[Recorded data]
Content starts
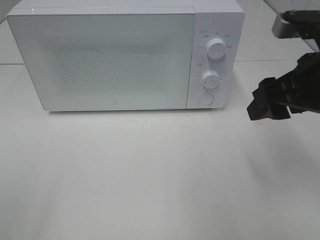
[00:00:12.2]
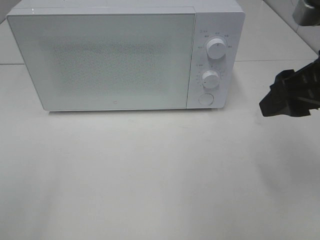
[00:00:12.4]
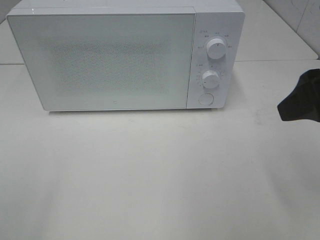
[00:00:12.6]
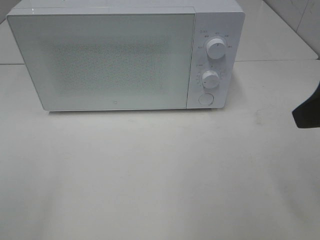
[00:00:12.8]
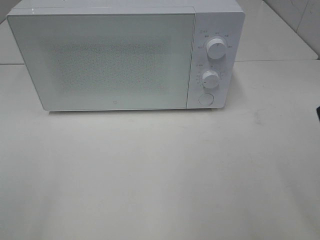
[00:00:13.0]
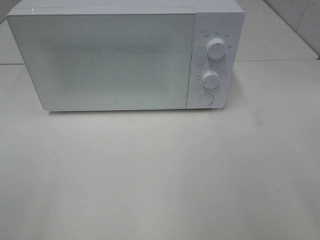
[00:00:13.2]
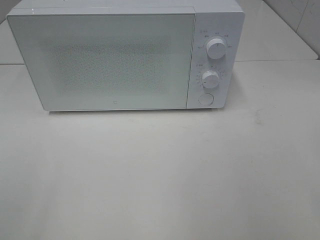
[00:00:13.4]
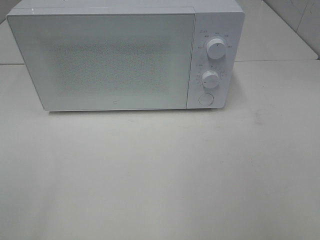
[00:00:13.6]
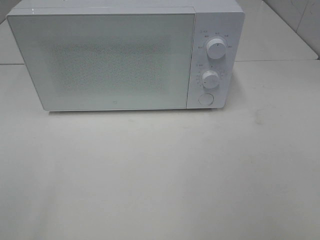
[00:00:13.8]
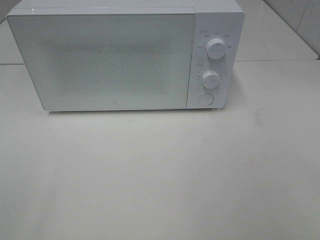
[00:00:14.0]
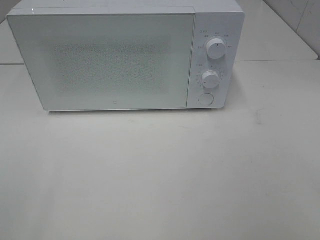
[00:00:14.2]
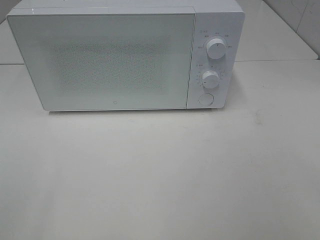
Content ends
[ABOUT THIS EXERCISE]: Copy each line of the records above exactly as written. Do not carry over any picture.

[TASK RESPONSE]:
[00:00:12.2]
[00:00:12.4]
[00:00:12.6]
[00:00:12.8]
[00:00:13.0]
[00:00:13.2]
[00:00:13.4]
[00:00:13.6]
[00:00:13.8]
[00:00:14.0]
[00:00:14.2]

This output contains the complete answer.